在采用llamafactory训练时,开启deepspeed加速,参数选择none时可以正常训练,选择2、3时提示训练错误,无法执行。deepspeed需要配置什么吗?老师上课的时候也没说特别的。请指导一下。
错误信息:
Traceback (most recent call last):
File "/LLaMA-Factory/src/llamafactory/launcher.py", line 23, in <module>
launch()
File "/LLaMA-Factory/src/llamafactory/launcher.py", line 19, in launch
run_exp()
File "/LLaMA-Factory/src/llamafactory/train/tuner.py", line 110, in run_exp
_training_function(config={"args": args, "callbacks": callbacks})
File "/LLaMA-Factory/src/llamafactory/train/tuner.py", line 55, in _training_function
model_args, data_args, training_args, finetuning_args, generating_args = get_train_args(args)
File "/LLaMA-Factory/src/llamafactory/hparams/parser.py", line 208, in get_train_args
model_args, data_args, training_args, finetuning_args, generating_args = _parse_train_args(args)
File "/LLaMA-Factory/src/llamafactory/hparams/parser.py", line 186, in _parse_train_args
return _parse_args(parser, args, allow_extra_keys=allow_extra_keys)
File "/LLaMA-Factory/src/llamafactory/hparams/parser.py", line 80, in _parse_args
return parser.parse_dict(args, allow_extra_keys=allow_extra_keys)
File "/hy-tmp/myenv/llamafactory/lib/python3.10/site-packages/transformers/hf_argparser.py", line 393, in parse_dict
obj = dtype(**inputs)
File "<string>", line 143, in __init__
File "/LLaMA-Factory/src/llamafactory/hparams/training_args.py", line 81, in __post_init__
Seq2SeqTrainingArguments.__post_init__(self)
File "/hy-tmp/myenv/llamafactory/lib/python3.10/site-packages/transformers/training_args.py", line 1738, in __post_init__
self.device
File "/hy-tmp/myenv/llamafactory/lib/python3.10/site-packages/transformers/training_args.py", line 2268, in device
return self._setup_devices
File "/hy-tmp/myenv/llamafactory/lib/python3.10/site-packages/transformers/utils/generic.py", line 67, in __get__
cached = self.fget(obj)
File "/hy-tmp/myenv/llamafactory/lib/python3.10/site-packages/transformers/training_args.py", line 2195, in _setup_devices
self.distributed_state = PartialState(**accelerator_state_kwargs)
File "/hy-tmp/myenv/llamafactory/lib/python3.10/site-packages/accelerate/state.py", line 208, in __init__
raise ImportError(
ImportError: DeepSpeed is not available => install it using `pip3 install deepspeed` or build it from source
Traceback (most recent call last):
File "/LLaMA-Factory/src/llamafactory/launcher.py", line 23, in <module>
launch()
File "/LLaMA-Factory/src/llamafactory/launcher.py", line 19, in launch
run_exp()
File "/LLaMA-Factory/src/llamafactory/train/tuner.py", line 110, in run_exp
_training_function(config={"args": args, "callbacks": callbacks})
File "/LLaMA-Factory/src/llamafactory/train/tuner.py", line 55, in _training_function
model_args, data_args, training_args, finetuning_args, generating_args = get_train_args(args)
File "/LLaMA-Factory/src/llamafactory/hparams/parser.py", line 208, in get_train_args
model_args, data_args, training_args, finetuning_args, generating_args = _parse_train_args(args)

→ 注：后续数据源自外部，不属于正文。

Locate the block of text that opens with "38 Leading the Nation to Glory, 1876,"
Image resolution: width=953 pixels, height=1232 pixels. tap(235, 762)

File "/LLaMA-Factory/src/llamafactory/hparams/parser.py", line 186, in _parse_train_args
return _parse_args(parser, args, allow_extra_keys=allow_extra_keys)
File "/LLaMA-Factory/src/llamafactory/hparams/parser.py", line 80, in _parse_args
return parser.parse_dict(args, allow_extra_keys=allow_extra_keys)

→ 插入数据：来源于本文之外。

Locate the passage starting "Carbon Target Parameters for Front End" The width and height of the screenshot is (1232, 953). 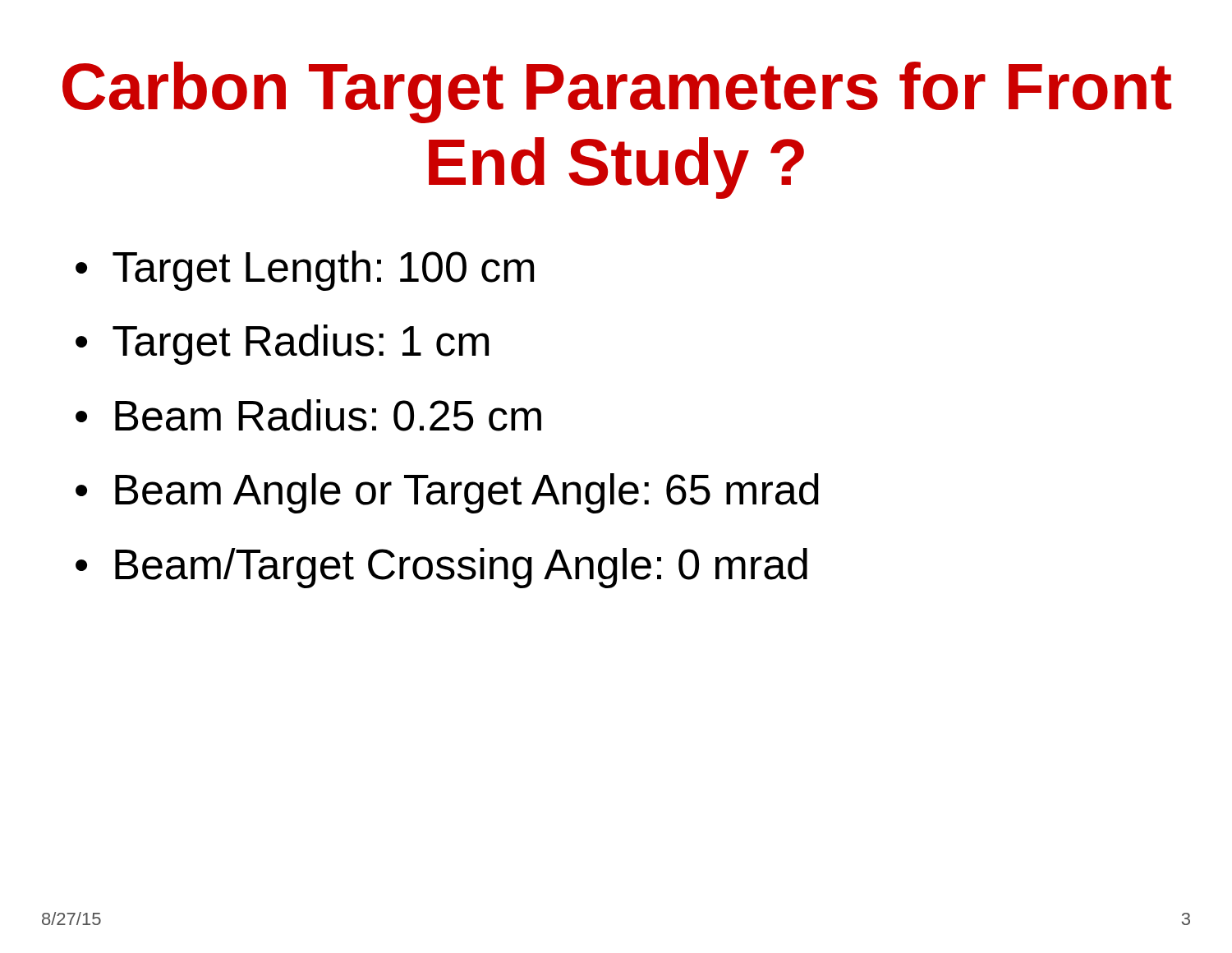[616, 124]

File "/hy-tmp/myenv/llamafactory/lib/python3.10/site-packages/transformers/hf_argparser.py", line 393, in parse_dict
obj = dtype(**inputs)
File "<string>", line 143, in __init__
File "/LLaMA-Factory/src/llamafactory/hparams/training_args.py", line 81, in __post_init__
Seq2SeqTrainingArguments.__post_init__(self)
File "/hy-tmp/myenv/llamafactory/lib/python3.10/site-packages/transformers/training_args.py", line 1738, in __post_init__
self.device
File "/hy-tmp/myenv/llamafactory/lib/python3.10/site-packages/transformers/training_args.py", line 2268, in device
return self._setup_devices
File "/hy-tmp/myenv/llamafactory/lib/python3.10/site-packages/transformers/utils/generic.py", line 67, in __get__
cached = self.fget(obj)
File "/hy-tmp/myenv/llamafactory/lib/python3.10/site-packages/transformers/training_args.py", line 2195, in _setup_devices
self.distributed_state = PartialState(**accelerator_state_kwargs)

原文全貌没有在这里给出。